Required work —
Type out each record word for word. Pictures stay out.

Source material —
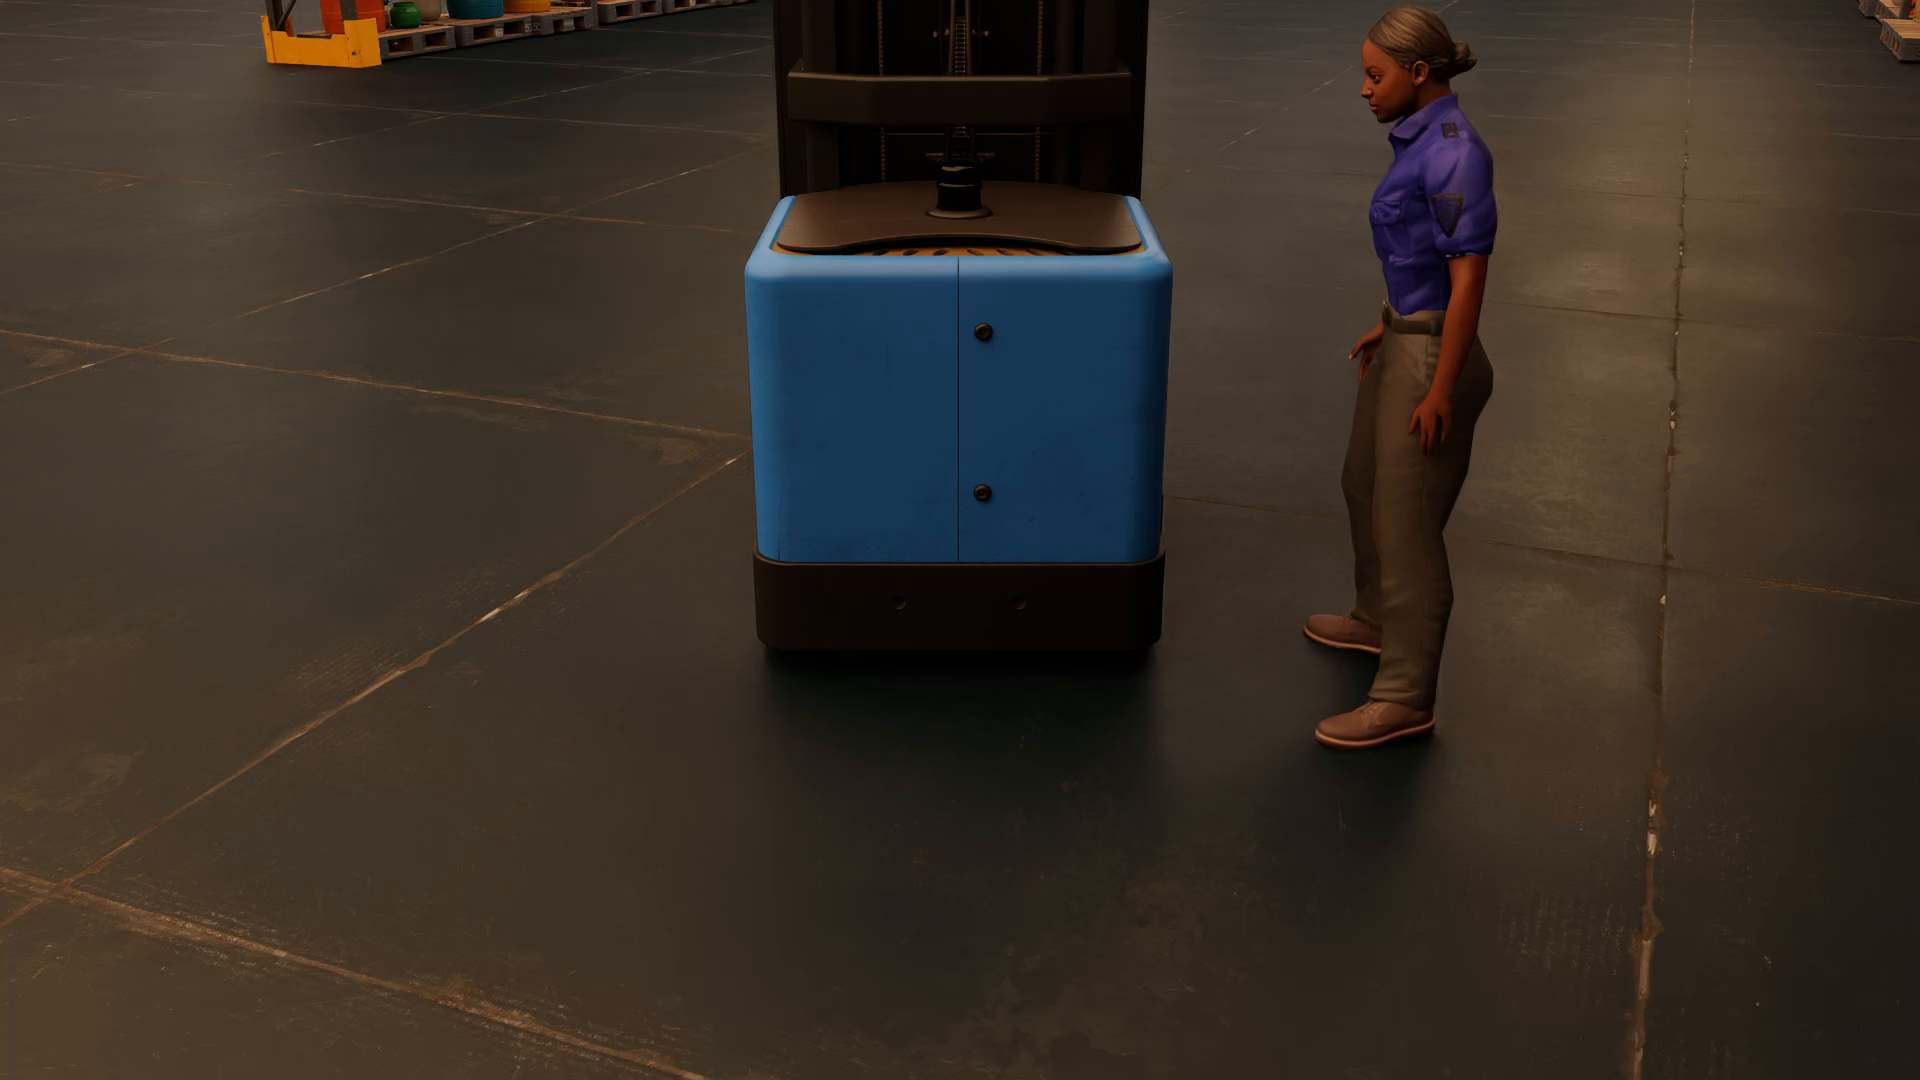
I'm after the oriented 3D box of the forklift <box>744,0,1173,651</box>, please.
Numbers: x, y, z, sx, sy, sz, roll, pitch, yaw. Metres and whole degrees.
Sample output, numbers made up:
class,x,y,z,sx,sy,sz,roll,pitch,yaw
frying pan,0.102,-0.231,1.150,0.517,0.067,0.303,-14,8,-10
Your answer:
class,x,y,z,sx,sy,sz,roll,pitch,yaw
forklift,0.002,-1.587,5.089,1.130,2.935,3.031,0,23,0

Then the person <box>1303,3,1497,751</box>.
class,x,y,z,sx,sy,sz,roll,pitch,yaw
person,1.055,-0.387,3.898,0.359,1.655,0.700,4,23,9
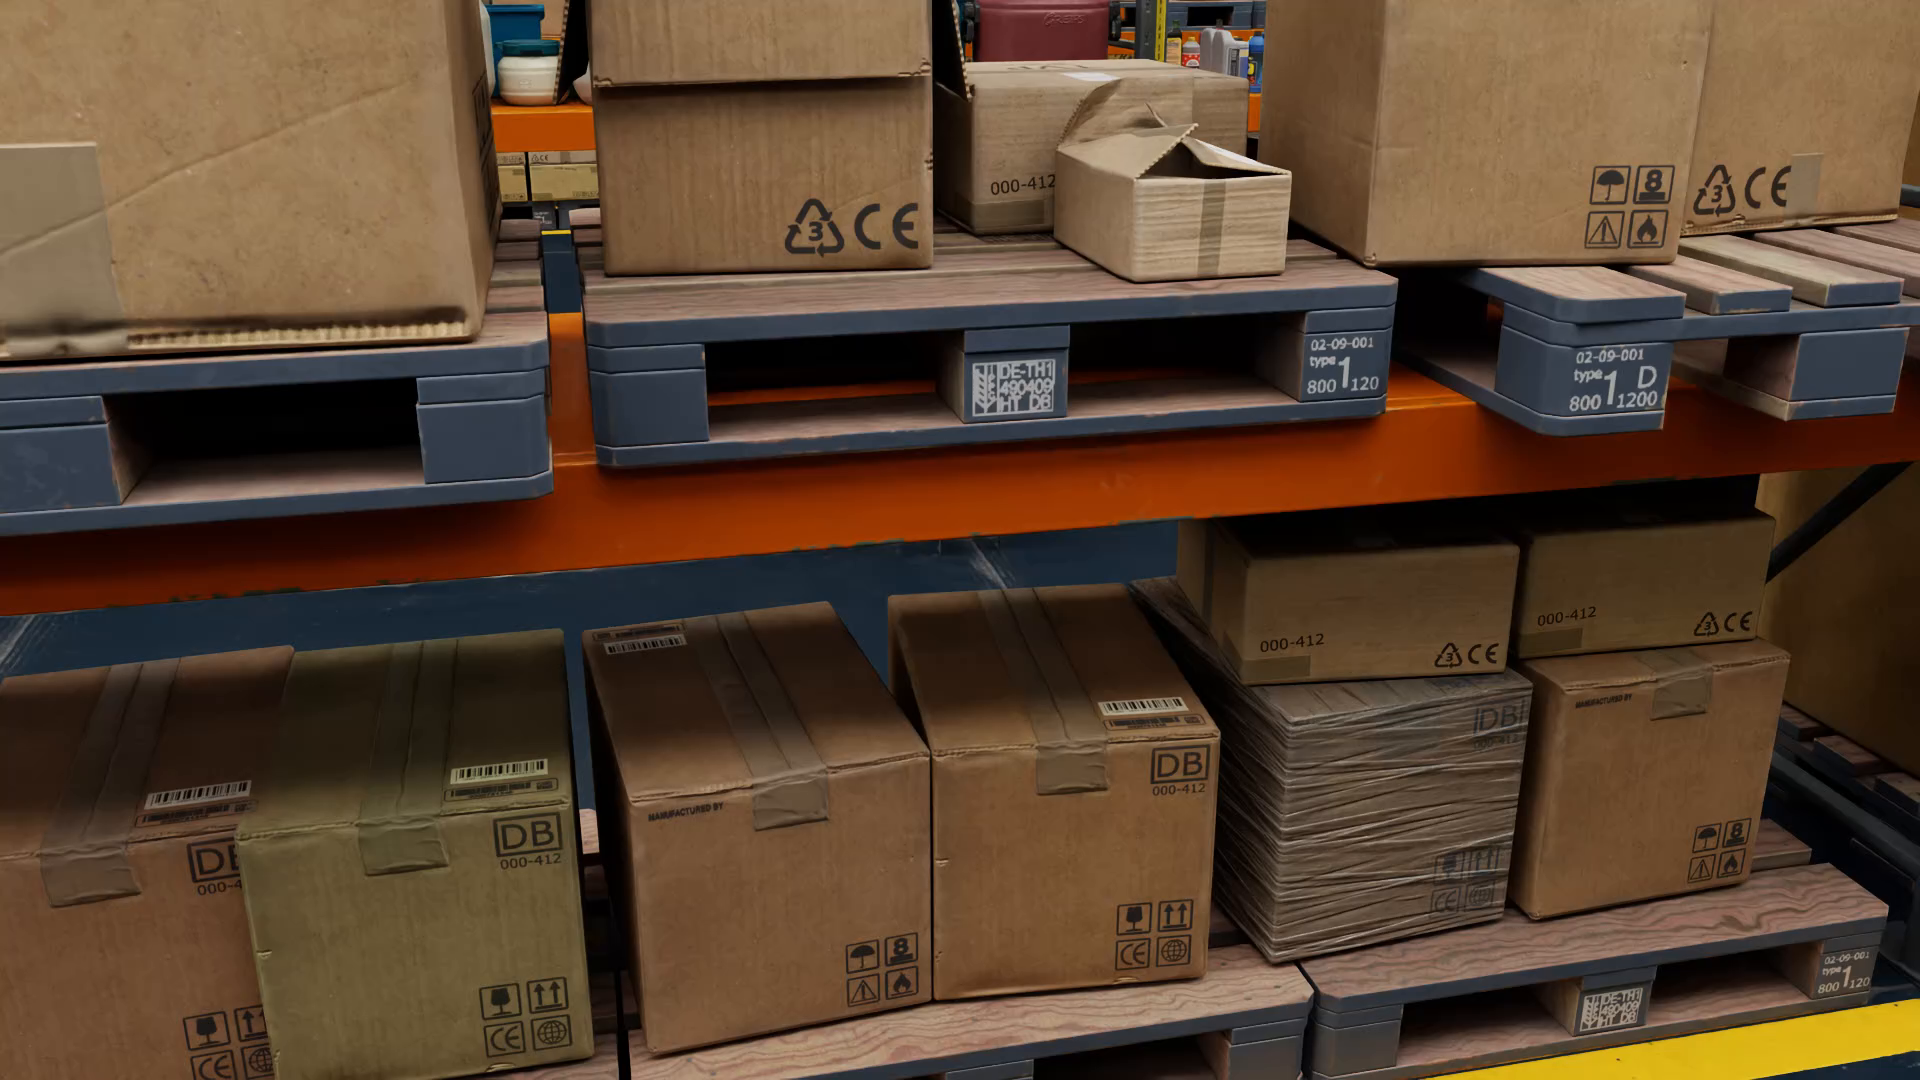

Reply to the task —
I'm after the oriented 3D box of the forklift <box>744,0,1173,651</box>, please.
Numbers: x, y, z, sx, sy, sz, roll, pitch, yaw. Metres and whole degrees.
Sample output, numbers made up:
class,x,y,z,sx,sy,sz,roll,pitch,yaw
frying pan,0.102,-0.231,1.150,0.517,0.067,0.303,-14,8,-10
Your answer:
class,x,y,z,sx,sy,sz,roll,pitch,yaw
forklift,0.002,-1.587,5.089,1.130,2.935,3.031,0,23,0

Then the person <box>1303,3,1497,751</box>.
class,x,y,z,sx,sy,sz,roll,pitch,yaw
person,1.055,-0.387,3.898,0.359,1.655,0.700,4,23,9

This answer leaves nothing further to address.